JANNINE: Okay. Yeah, one of the things I’ve heard, and this is something

I’d love for you to help me understand because it isn’t something I’ve spent a lot of time diving

into is what kind of things can you see on a hair mineral analysis?

If you know that it’s maybe the water that the part like they don’t have filtered water,

they live in the middle of nowhere. I don’t know. I live on a farm. So I we have we have well

water, right? So who knows what kind of things could be in the water at in certain people’s homes,

right? So my question is like, can you tell is there like a thing that’s like flags on these labs

and say, “It might be water.” 

KAELY: Yeah. One of the most common ones is in places that have hard water,

which Texas is definitely one of those places. We have extraordinarily hard water. You will see

really high calcium on an HTMA if we haven’t done something to mitigate that calcium exposure.
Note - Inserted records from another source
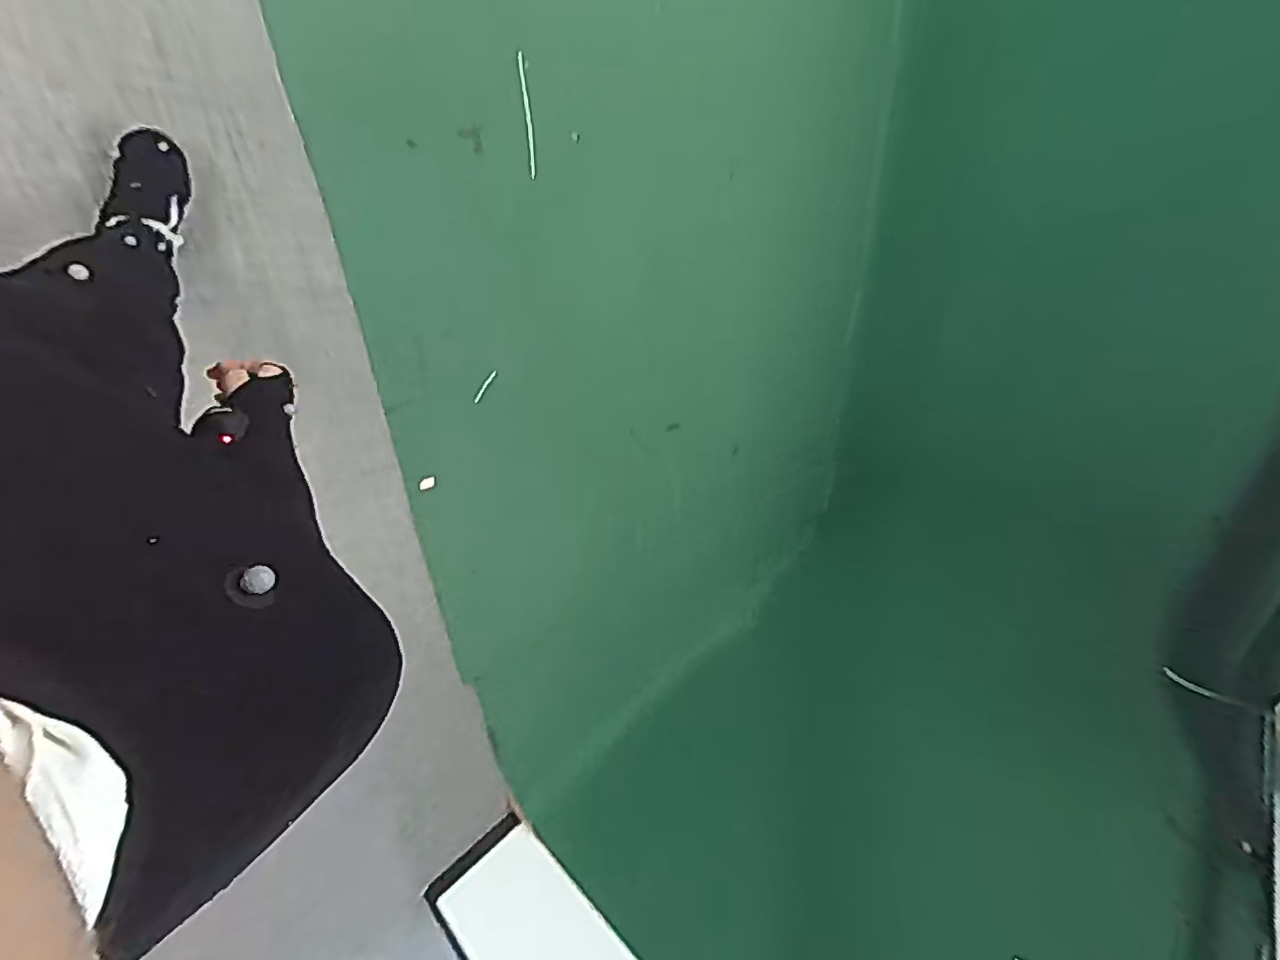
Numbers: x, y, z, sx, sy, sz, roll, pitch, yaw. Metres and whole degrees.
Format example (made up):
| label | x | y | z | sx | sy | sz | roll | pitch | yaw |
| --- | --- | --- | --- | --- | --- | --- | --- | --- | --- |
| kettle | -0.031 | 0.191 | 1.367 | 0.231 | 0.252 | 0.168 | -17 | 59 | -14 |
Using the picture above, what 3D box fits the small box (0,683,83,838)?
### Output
| label | x | y | z | sx | sy | sz | roll | pitch | yaw |
| --- | --- | --- | --- | --- | --- | --- | --- | --- | --- |
| small box | -1.093 | 0.486 | 0.925 | 0.179 | 0.176 | 0.168 | -11 | 117 | -48 |

If somebody has a lot of copper leaching into their water supply, so that seems to be more in

older cities or older homes where there may be farther down on the water line with old copper pipes, we might see a falsely elevated high copper.

We’ll see some heavy metal contamination depending on the location as well.
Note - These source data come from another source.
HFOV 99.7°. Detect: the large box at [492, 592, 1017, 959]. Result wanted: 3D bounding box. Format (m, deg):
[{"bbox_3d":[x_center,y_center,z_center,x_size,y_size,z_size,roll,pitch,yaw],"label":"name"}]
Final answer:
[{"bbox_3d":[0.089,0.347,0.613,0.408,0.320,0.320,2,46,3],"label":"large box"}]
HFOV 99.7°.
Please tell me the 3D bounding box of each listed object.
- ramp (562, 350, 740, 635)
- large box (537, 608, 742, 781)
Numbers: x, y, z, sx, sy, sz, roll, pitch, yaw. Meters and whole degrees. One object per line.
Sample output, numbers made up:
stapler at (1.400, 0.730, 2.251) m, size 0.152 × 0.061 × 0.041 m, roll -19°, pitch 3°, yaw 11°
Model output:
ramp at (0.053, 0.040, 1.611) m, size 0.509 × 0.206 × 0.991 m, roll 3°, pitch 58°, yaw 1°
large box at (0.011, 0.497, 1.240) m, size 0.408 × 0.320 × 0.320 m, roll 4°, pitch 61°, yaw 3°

Uranium is a really common one that’s just coming from where people are geographically because there’s different areas that have more uranium in the soil and therefore in the water.

And then the last thing that’ll sometimes be skewed is if someone’s using a water softener.

We can see higher sodium.

Most of those are salt-based softeners.

We’ll see higher sodium if we haven’t done something about it.

So what you have to do ahead of testing is ideally,

you know about your water quality

and you’ve established some kind of filtration.

If not, though, what you can do is either

an apple cider vinegar rinse to remove some sediment

off the hair follicles themselves or rinse at the end

of the shower with distilled water a couple times

before you collect a sample, which would be the lowest cost

route if we don’t have filtration established.

JANNINE: Oh, that’s awesome to know.

Cause yeah, I wouldn’t have thought about that.

Honestly, um, it seems so simple to think about, but in my brain, you know,

uh, but I’ve heard, you know, I’ve heard from folks and, and so especially

with the apple cider vinegar rinse, you know, and stripping things off the hair.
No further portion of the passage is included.